Правда, она привыкла, что в ее дом приходили ради мужа, а ее делом (она была детским врачом) интересовались лишь тогда, когда она была нужна (то есть когда милые детки болели), но это всегда были хорошо воспитанные люди, старавшиеся скрасить ей второстепенную роль тем, что время от времени заставляли мужа отвлечься от профессиональной тематики, поболтать о том о сем, наводили разговор на общие медицинские темы, чтобы дать ей возможность вставить слово, или по крайней мере пытались флиртовать, хвалили придуманное ею (хотя и не ею сшитое) платье или отмечали ее моложавую стройность. А для этого Пётча она, казалось, вообще не существует как самостоятельная личность. Если он, живописуя исторические детали, смотрел на нее своими глубоко сидящими глазами, он смотрел так же, как и на ее мужа. В этих глазах она была не красивой женщиной едва ли старше самого Пётча, а всего лишь супругой или придатком (в гневе это выражение показалось ей особенно метким) профессора. Пётч считал само собой разумеющимся, что она обладает такими же знаниями и одержима такими же интересами, и он был настолько нечуток, что не заметил, как быстро в ней пробудился рефлекс, выработанный осточертевшими ей шведеновскими проблемами: простого упоминания имени историка было достаточно, чтобы вызвать у нее неодолимую зевоту, которую никаким напряжением воли нельзя было подавить. Не обратил Пётч внимания и на неоднократные поглядывания на часы. Ее непрерывное молчание лишь подстегивало его непрерывное словоизвержение. Только ее решительное «нет» в ответ на предложение осмотреть замок заставило его умолкнуть, причем так внезапно, что она пожалела о своей грубости. Поэтому, прощаясь, она излишне долго распространялась по поводу того, что для ее мужа (не для нее) их встреча много значит.
Когда Пётч снова стоял под равномерно падающим дождем, Менцель еще раз открыл дверцу и ошарашил его вопросом: где он собирается напечатать свои изыскания?

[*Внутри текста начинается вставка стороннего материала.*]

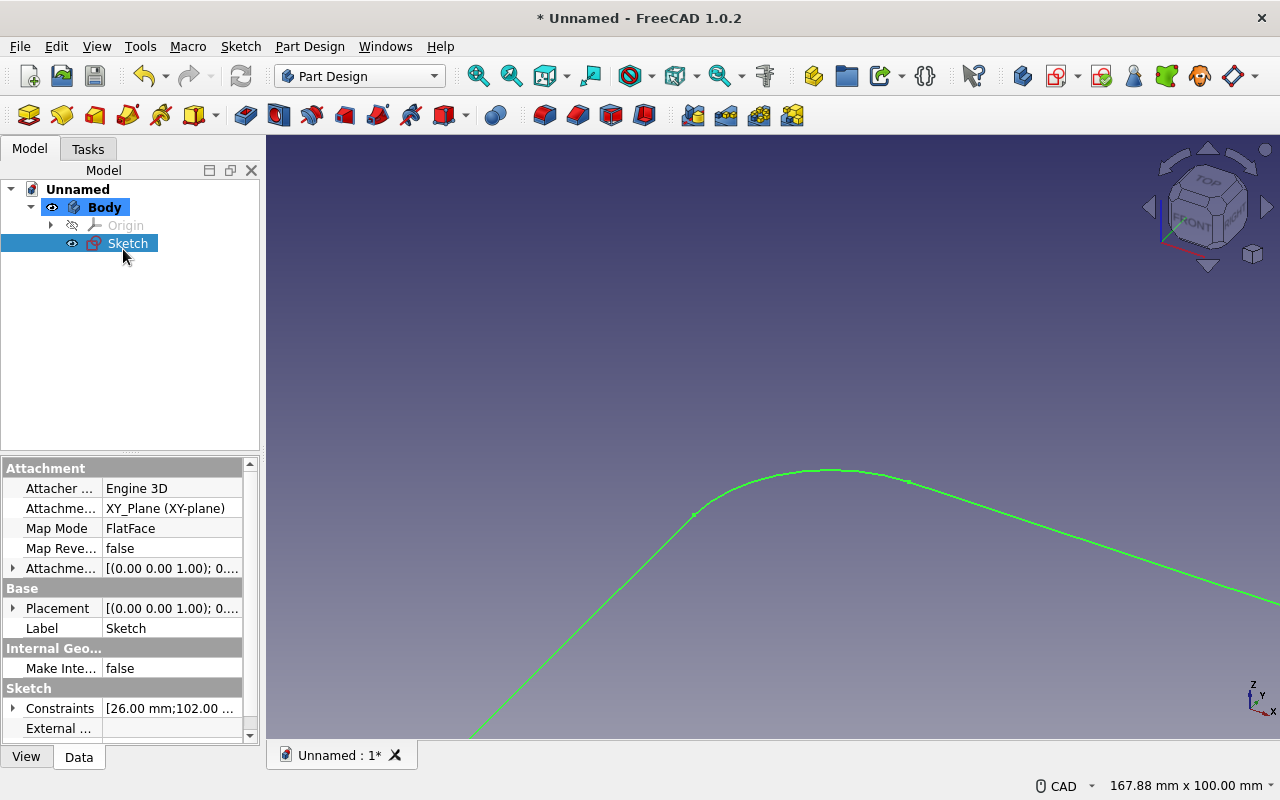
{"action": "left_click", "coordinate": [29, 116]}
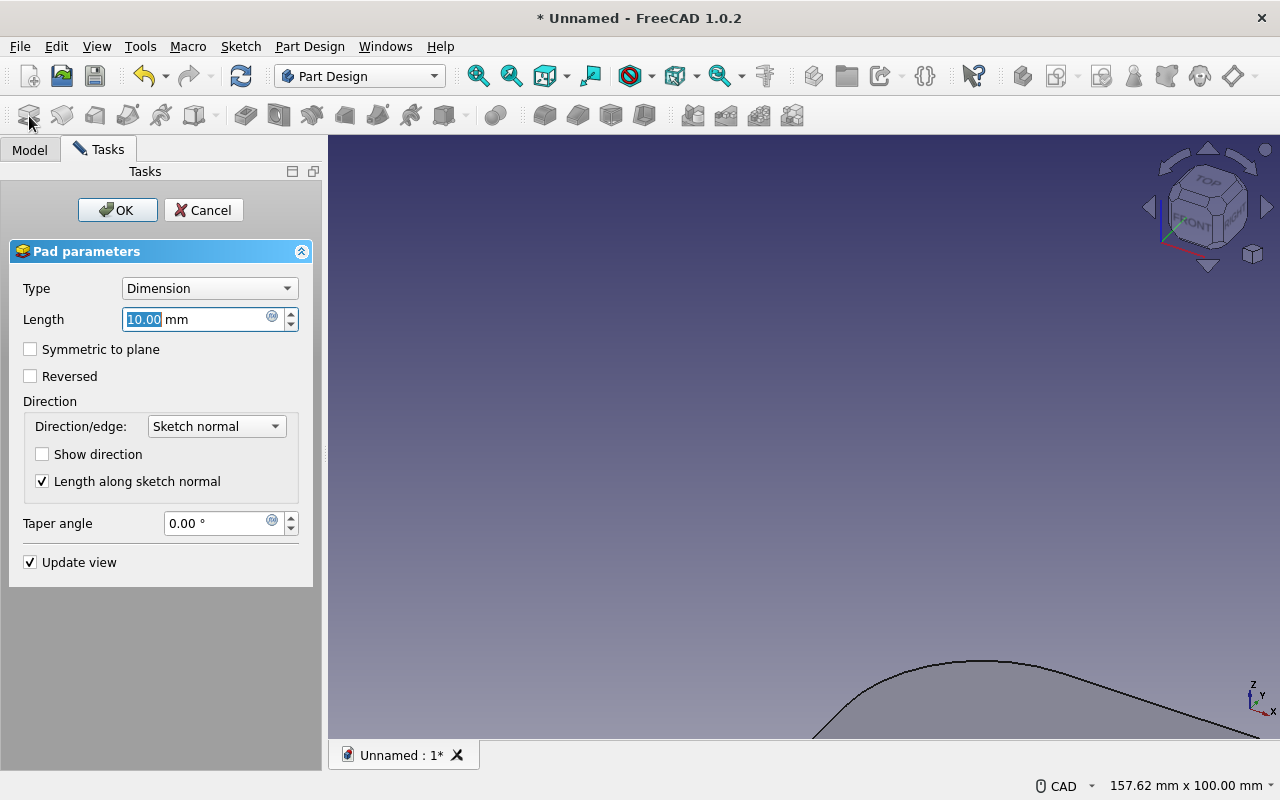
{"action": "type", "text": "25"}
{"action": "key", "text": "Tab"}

Графически наиболее выразительной передачей реакции Пётча были бы три строчки вопросительных знаков. Ибо он не знал, что ответить, он даже не смог сказать, что еще не думал об этом.
Менцель же в свою очередь не смог верно истолковать это молчание. Он счел это тактикой, внушающей уважение.
— Мы еще поговорим об этом. Когда вы приедете?